On Monday, 18th June 2018 BinaryLane experienced a kernel-panic on seventeen of its host nodes. The outages started just after 20:00 AEST and were fully resolved by 22:00 AEST. The outage duration on individual host nodes varied between approximately 30 minutes and 45 minutes.
BinaryLane’s fleet of host nodes are Linux servers. From time to time, new releases are made of the linux kernel that address exploits and other issues that could affect the security of our systems. Typically, installing an updated linux kernel requires a full reboot of the host node, which is undesirable.
A third-party service called KernelCare is available that employs a proprietary “hot-patching” mechanism to update the linux kernel without rebooting the host node. We have utilised KernelCare across our fleet of host nodes for several years.
At approximately 20:10 our internal monitoring indicated a service fault. Initial investigation of the fault found that host node bnecompute03 was offline. IPMI access was used to determine that a kernel panic had occurred, which is unusual but not unheard of.
While waiting for that host node to power-cycle it was observed at 20:25 that host nodes bnecompute09 and melcompute01 were also showing the same fault, and then sydcompute23 at 20:30.
While proceeding with attempting to restore service we checked KernelCare to see if any updates had been made recently; a new update had been released that day (https://groups.google.com/forum/#!topic/kernelcare-ubuntu/r-vaQn3Aeb8) and at 20:35 were working on the premise that the KernelCare update was faulty.
By 20:45 we had deleted the cron task that performs the update process and then by 21:00 had instructed KernelCare to “unload” on all active host nodes.
From 21:00 no further kernel panics were experienced, and we focused purely on restoring service for affected customers.
The individual host node outage start and approximate end times were as follows (AEST):
During the incident we hypothesised that the root cause was the latest update available from KernelCare; removing KernelCare from our host nodes resolved the incident.

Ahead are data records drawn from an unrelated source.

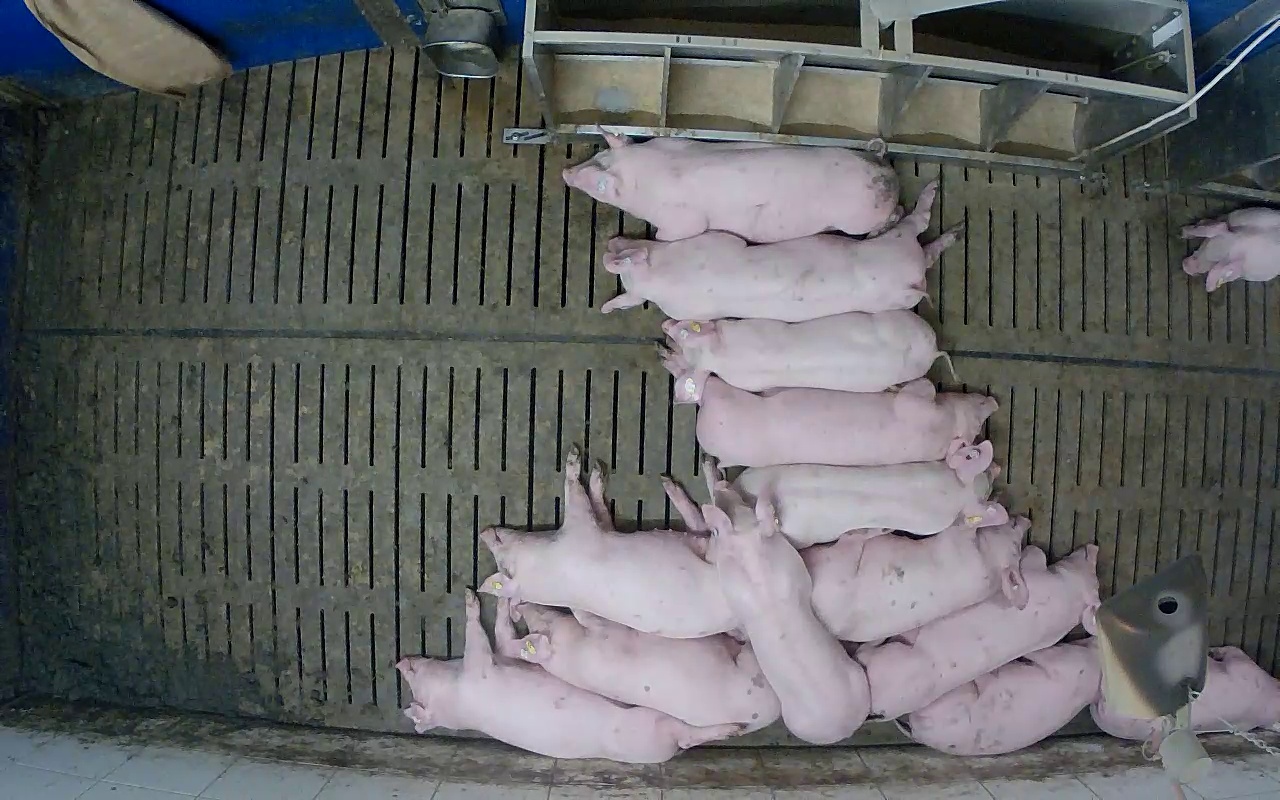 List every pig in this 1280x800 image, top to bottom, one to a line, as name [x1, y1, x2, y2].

pig [564, 120, 911, 243]
pig [599, 177, 968, 322]
pig [1176, 209, 1279, 292]
pig [661, 310, 959, 406]
pig [657, 348, 998, 480]
pig [727, 440, 1010, 552]
pig [473, 441, 742, 638]
pig [703, 480, 873, 747]
pig [800, 512, 1033, 644]
pig [854, 540, 1104, 725]
pig [394, 583, 744, 766]
pig [512, 602, 779, 740]
pig [894, 635, 1111, 758]
pig [1088, 646, 1277, 744]

It was later confirmed by KernelCare themselves (https://groups.google.com/forum/#!topic/kernelcare-ubuntu/CwwHvtUd8Z8) that the latest update was at fault and they have since withdrawn that specific version from the service.

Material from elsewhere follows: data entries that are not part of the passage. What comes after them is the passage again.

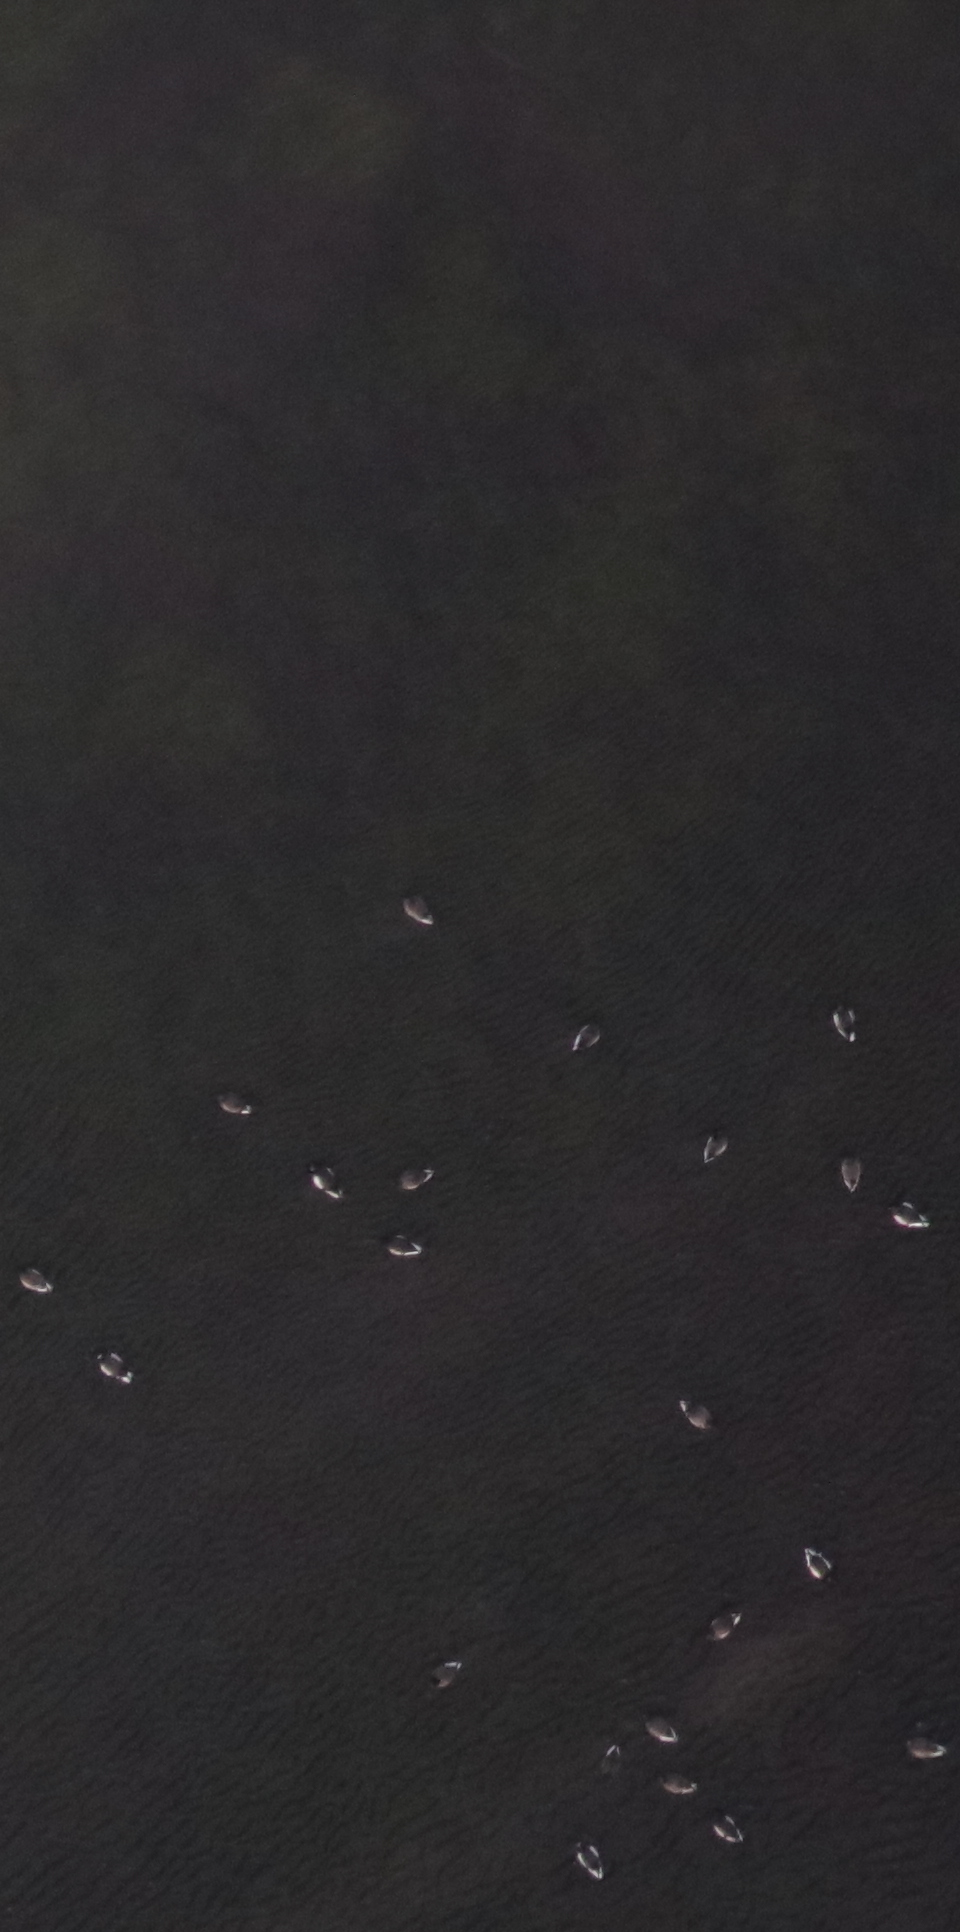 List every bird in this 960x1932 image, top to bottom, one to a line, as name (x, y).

brant (417, 909)
brant (845, 1024)
brant (585, 1036)
brant (233, 1103)
brant (714, 1145)
brant (850, 1172)
brant (413, 1177)
brant (328, 1182)
brant (908, 1213)
brant (402, 1246)
brant (33, 1279)
brant (114, 1366)
brant (698, 1416)
brant (818, 1565)
brant (721, 1625)
brant (445, 1675)
brant (659, 1728)
brant (924, 1745)
brant (612, 1761)
brant (676, 1782)
brant (727, 1828)
brant (590, 1858)

The severity of the fault was exacerbated by the default configuration of KernelCare’s cron entry, which at the time we installed it looked like this:
20 */4 * * * root /usr/bin/kcarectl --auto-update
If you are unfamiliar with cron syntax, this says every 4 hours at 20 minutes past the hour (i.e. at 00:20 / 04:20 / 08:20 / 12:20 / 16:20 / 20:20 ) execute the KernelCare update process. The minutes-past-the-hour (“20” in this example) is randomly selected during the installation process.
Thus we can see that every server in our fleet would have tried to pull down the update between 8:00PM and 9:00PM that day. In investigating this fault we have learned that the latest version of the installer instead creates a cron entry that looks like this:
20 */4 * * * root /usr/bin/kcarectl --auto-update --gradual-rollout=auto
The “gradual-rollout” setting apparently instructs the KernelCare software to deploy new versions at a random time within a 12 hour window. While we would have still experienced host outages with this setting, the number of affected hosts would be greatly reduced.
This is new functionality that was not available when we deployed KernelCare; and we were unaware that while the kernel updates themselves are automated, installing updates to the “client” software is a manual process.
In reviewing the latest KernelCare documentation, we observed that a number of additions have been made since we first deployed the product to provide greater control over the updating process.
After discussing the options internally, we have decided to use the new “delayed feed” functionality moving forwards which is a mechanism to instruct the KernelCare client to temporarily ignore new updates.
Our test servers will be left on the undelayed feed, so that we can identify any potential issues prior to production deployment.
Additionally we will restrict our KernelCare updates to occur gradually between midnight and 8:00AM. In the event that a faulty release is not detected by our testing server or other KernelCare customers, any outage that occurs due to the updated kernel should occur out-of-hours.